ACTIVITY: Locate the word "DASHED" in the data below, then copy every line that holds it.

AVAILABLE RECORDS:

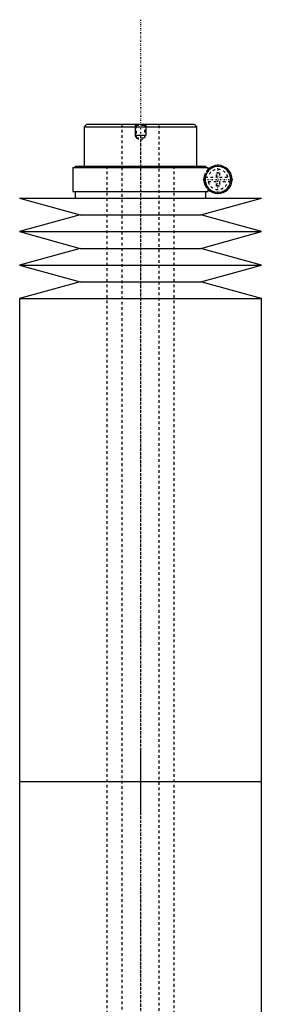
# Model space of a CAD drawing. Extents: x -156 to 1056, y -136 to 719.
# Tile 5 of 5: x 955 to 1045, y 353 to 719. Entities that reach past the tile are written whole.
import ezdxf

# ---------------------------------------------------------------- set-up
doc = ezdxf.new("R2010")
doc.units = 0
doc.linetypes.add('CENTER', pattern=[1.5, 0.45, -0.5, 0.05, -0.5])
doc.linetypes.add('DASHED', pattern=[2, 1, -1])
for name, color, linetype in [('AM_0', 7, 'CONTINUOUS'), ('AM_10', 7, 'CONTINUOUS'), ('AM_3', 7, 'DASHED'), ('AM_7', 7, 'CENTER')]:
    doc.layers.add(name, color=color, linetype=linetype)

msp = doc.modelspace()

# ---------------------------------------------------------------- linework, layer by layer
at = {"layer": 'AM_0', "color": 7, "linetype": 'CONTINUOUS'}
for p, q in [((980, 680), (979, 679)), ((979, 679), (979, 664.5)), ((979, 679), (1021, 679)), ((980, 680), (1020, 680)), ((1021, 679), (1020, 680)), ((1021, 664.5), (1021, 679)), ((974.85, 664), (974.85, 655)), ((974.85, 664), (1025.15, 664)), ((975.65, 664.5), (975.65, 664)), ((975.65, 664.5), (1024.35, 664.5)), ((1024.35, 664), (1024.35, 664.5)), ((1025.15, 662.56), (1025.15, 664)), ((1024.16, 658.5), (1024.16, 660.5)), ((1025.15, 655), (1025.15, 656.44)), ((955, 652.5), (977.5, 646.3)), ((955, 652.5), (1045, 652.5)), ((974.85, 655), (1025.15, 655)), ((975.65, 655), (975.65, 652.5)), ((1022.5, 646.3), (1045, 652.5)), ((1024.35, 652.5), (1024.35, 655)), ((977.5, 646.3), (955, 640.1)), ((977.5, 646.3), (1022.5, 646.3)), ((1045, 640.1), (1022.5, 646.3)), ((955, 640.1), (977.5, 633.9)), ((955, 640.1), (1045, 640.1)), ((1022.5, 633.9), (1045, 640.1)), ((977.5, 633.9), (955, 627.7)), ((977.5, 633.9), (1022.5, 633.9)), ((1045, 627.7), (1022.5, 633.9)), ((955, 627.7), (977.5, 621.5)), ((955, 627.7), (1045, 627.7)), ((1022.5, 621.5), (1045, 627.7)), ((977.5, 621.5), (955, 615.3)), ((977.5, 621.5), (1022.5, 621.5)), ((1045, 615.3), (1022.5, 621.5)), ((955, 615.3), (955, 435.75)), ((955, 615.3), (1045, 615.3)), ((1045, 435.75), (1045, 615.3)), ((955, 435.75), (955, 256.2)), ((955, 435.75), (1045, 435.75)), ((955, 435.75), (1045, 435.75)), ((1045, 256.2), (1045, 435.75))]:
    msp.add_line(p, q, dxfattribs=at)
for radius, start, end in [(4.8, 192.0755, 167.9245), (5.25, 225.1897, 134.8103)]:
    msp.add_arc((1028.85, 659.5), radius, start, end, dxfattribs=at)
at = {"layer": 'AM_10', "color": 7, "linetype": 'CONTINUOUS'}
for p, q in [((998, 680), (998, 676)), ((1002, 680), (1002, 676)), ((998.38, 675.34), (998, 676)), ((998, 676), (1002, 676)), ((1001.62, 675.34), (1002, 676))]:
    msp.add_line(p, q, dxfattribs=at)
at = {"layer": 'AM_3', "color": 6, "linetype": 'DASHED'}
for p, q in [((993, 680), (993, -97.5)), ((998, 680), (998.38, 679.62)), ((998.38, 679.62), (998.38, 674.94)), ((998.38, 679.62), (1001.62, 679.62)), ((1001.62, 679.62), (1002, 680)), ((1001.62, 674.94), (1001.62, 679.62)), ((1007, -97.5), (1007, 680)), ((998.38, 674.94), (1000, 674)), ((998.38, 674.94), (1001.62, 674.94)), ((1000, 674), (1001.62, 674.94)), ((987.5, 664.5), (987.5, -56.5)), ((1012.5, -56.5), (1012.5, 664.5)), ((1024.07, 660.4), (1028.25, 660.4)), ((1024.16, 660.5), (1024.16, 661.85)), ((1028.25, 662), (1029.45, 662)), ((1028.25, 660.4), (1028.25, 662)), ((1029.45, 662), (1029.45, 660.4)), ((1029.45, 660.4), (1033.63, 660.4)), ((1028.25, 658.6), (1024.07, 658.6)), ((1024.16, 657.15), (1024.16, 658.5)), ((1028.25, 657), (1028.25, 658.6)), ((1029.45, 657), (1028.25, 657)), ((1029.45, 658.6), (1029.45, 657)), ((1033.63, 658.6), (1029.45, 658.6))]:
    msp.add_line(p, q, dxfattribs=at)
for points in [[(1025.15, 662.56, 0), (1025.15, 662.56, 0), (1025.14, 662.55, 0), (1025.13, 662.53, 0), (1025.12, 662.52, 0), (1025.11, 662.5, 0), (1025.08, 662.47, 0), (1025.04, 662.42, 0), (1025, 662.36, 0), (1024.95, 662.29, 0), (1024.89, 662.21, 0), (1024.86, 662.17, 0), (1024.83, 662.12, 0), (1024.76, 662.01, 0), (1024.68, 661.88, 0), (1024.61, 661.74, 0), (1024.52, 661.58, 0), (1024.48, 661.48, 0), (1024.46, 661.45, 0), (1024.45, 661.42, 0), (1024.44, 661.4, 0), (1024.43, 661.38, 0), (1024.42, 661.35, 0), (1024.41, 661.32, 0), (1024.4, 661.3, 0), (1024.39, 661.28, 0), (1024.38, 661.25, 0), (1024.37, 661.21, 0), (1024.36, 661.19, 0), (1024.35, 661.17, 0), (1024.34, 661.14, 0), (1024.32, 661.1, 0), (1024.31, 661.06, 0), (1024.3, 661.02, 0), (1024.28, 660.97, 0), (1024.28, 660.95, 0), (1024.27, 660.93, 0), (1024.25, 660.89, 0), (1024.24, 660.84, 0), (1024.23, 660.79, 0), (1024.21, 660.75, 0), (1024.2, 660.7, 0), (1024.19, 660.67, 0), (1024.19, 660.64, 0), (1024.18, 660.59, 0), (1024.16, 660.53, 0), (1024.16, 660.5, 0)], [(1024.16, 661.85, 0), (1024.11, 661.76, 0), (1024.06, 661.66, 0), (1024.05, 661.62, 0), (1024.03, 661.59, 0), (1024.03, 661.57, 0), (1024.02, 661.56, 0), (1024.01, 661.52, 0), (1023.99, 661.49, 0), (1023.98, 661.46, 0), (1023.96, 661.42, 0), (1023.95, 661.38, 0), (1023.94, 661.37, 0), (1023.94, 661.35, 0), (1023.92, 661.31, 0), (1023.91, 661.27, 0), (1023.9, 661.26, 0), (1023.9, 661.24, 0), (1023.88, 661.2, 0), (1023.87, 661.16, 0), (1023.86, 661.14, 0), (1023.86, 661.12, 0), (1023.84, 661.08, 0), (1023.83, 661.04, 0), (1023.82, 661, 0), (1023.81, 660.96, 0), (1023.8, 660.92, 0), (1023.79, 660.9, 0), (1023.78, 660.88, 0), (1023.77, 660.83, 0), (1023.76, 660.79, 0), (1023.75, 660.75, 0), (1023.74, 660.7, 0), (1023.73, 660.66, 0), (1023.72, 660.63, 0), (1023.72, 660.61, 0), (1023.71, 660.56, 0), (1023.7, 660.51, 0), (1023.69, 660.46, 0), (1023.68, 660.41, 0), (1023.67, 660.36, 0), (1023.67, 660.33, 0), (1023.66, 660.3, 0), (1023.65, 660.25, 0), (1023.65, 660.2, 0), (1023.64, 660.14, 0), (1023.63, 660.09, 0), (1023.63, 660.03, 0), (1023.62, 660, 0), (1023.62, 659.98, 0), (1023.62, 659.92, 0), (1023.61, 659.86, 0), (1023.61, 659.81, 0), (1023.61, 659.75, 0), (1023.6, 659.69, 0), (1023.6, 659.67, 0), (1023.6, 659.64, 0), (1023.6, 659.58, 0), (1023.6, 659.53, 0), (1023.6, 659.5, 0), (1023.6, 659.47, 0), (1023.6, 659.42, 0), (1023.6, 659.36, 0), (1023.6, 659.33, 0), (1023.6, 659.31, 0), (1023.61, 659.25, 0), (1023.61, 659.19, 0), (1023.61, 659.14, 0), (1023.62, 659.08, 0), (1023.62, 659.02, 0), (1023.62, 659, 0), (1023.63, 658.97, 0), (1023.63, 658.91, 0), (1023.64, 658.86, 0), (1023.65, 658.8, 0), (1023.65, 658.75, 0), (1023.66, 658.7, 0), (1023.67, 658.67, 0), (1023.67, 658.64, 0), (1023.68, 658.59, 0), (1023.69, 658.54, 0), (1023.7, 658.49, 0), (1023.71, 658.44, 0), (1023.72, 658.39, 0), (1023.72, 658.37, 0), (1023.73, 658.34, 0), (1023.74, 658.3, 0), (1023.75, 658.25, 0), (1023.76, 658.21, 0), (1023.77, 658.17, 0), (1023.78, 658.12, 0), (1023.79, 658.1, 0), (1023.8, 658.08, 0), (1023.81, 658.04, 0), (1023.82, 658, 0), (1023.83, 657.96, 0), (1023.84, 657.92, 0), (1023.86, 657.88, 0), (1023.86, 657.86, 0), (1023.87, 657.84, 0), (1023.88, 657.8, 0), (1023.9, 657.76, 0), (1023.9, 657.74, 0), (1023.91, 657.73, 0), (1023.92, 657.69, 0), (1023.94, 657.65, 0), (1023.94, 657.63, 0), (1023.95, 657.62, 0), (1023.96, 657.58, 0), (1023.98, 657.54, 0), (1023.99, 657.51, 0), (1024.01, 657.48, 0), (1024.02, 657.44, 0), (1024.03, 657.43, 0), (1024.03, 657.41, 0), (1024.05, 657.38, 0), (1024.06, 657.34, 0), (1024.11, 657.24, 0), (1024.16, 657.15, 0)], [(1024.16, 658.5, 0), (1024.16, 658.47, 0), (1024.18, 658.41, 0), (1024.19, 658.36, 0), (1024.19, 658.33, 0), (1024.2, 658.3, 0), (1024.21, 658.25, 0), (1024.23, 658.21, 0), (1024.24, 658.16, 0), (1024.25, 658.11, 0), (1024.27, 658.07, 0), (1024.28, 658.05, 0), (1024.28, 658.03, 0), (1024.3, 657.98, 0), (1024.31, 657.94, 0), (1024.32, 657.9, 0), (1024.34, 657.86, 0), (1024.35, 657.83, 0), (1024.36, 657.81, 0), (1024.37, 657.79, 0), (1024.38, 657.75, 0), (1024.39, 657.72, 0), (1024.4, 657.7, 0), (1024.41, 657.68, 0), (1024.42, 657.65, 0), (1024.43, 657.62, 0), (1024.44, 657.6, 0), (1024.45, 657.58, 0), (1024.46, 657.55, 0), (1024.48, 657.52, 0), (1024.52, 657.42, 0), (1024.61, 657.26, 0), (1024.68, 657.12, 0), (1024.76, 656.99, 0), (1024.83, 656.88, 0), (1024.86, 656.83, 0), (1024.89, 656.79, 0), (1024.95, 656.71, 0), (1025, 656.64, 0), (1025.04, 656.58, 0), (1025.08, 656.53, 0), (1025.11, 656.5, 0), (1025.12, 656.48, 0), (1025.13, 656.47, 0), (1025.14, 656.45, 0), (1025.15, 656.44, 0), (1025.15, 656.44, 0)]]:
    msp.add_polyline3d(points, dxfattribs=at)
for radius, start, end in [(5.25, 134.8103, 153.3873), (3.75, 13.8865, 166.1135), (4.87, 169.3459, 190.6541), (4.87, 349.3459, 10.6541), (5.25, 206.6127, 225.1897), (3.75, 193.8865, 346.1135)]:
    msp.add_arc((1028.85, 659.5), radius, start, end, dxfattribs=at)
at = {"layer": 'AM_7', "color": 4, "linetype": 'CENTER'}
for p, q in [((1000, 718.88), (1000, -136.38)), ((1000, 675.94), (1000, 424.31)), ((1028.85, 653.99), (1028.85, 665.01)), ((1023.34, 659.5), (1034.36, 659.5)), ((1000, 447.19), (1000, 195.56))]:
    msp.add_line(p, q, dxfattribs=at)

doc.saveas('drawing.dxf')

ANSWER BOX:
doc.linetypes.add('DASHED', pattern=[2, 1, -1])
for name, color, linetype in [('AM_0', 7, 'CONTINUOUS'), ('AM_10', 7, 'CONTINUOUS'), ('AM_3', 7, 'DASHED'), ('AM_7', 7, 'CENTER')]:
at = {"layer": 'AM_3', "color": 6, "linetype": 'DASHED'}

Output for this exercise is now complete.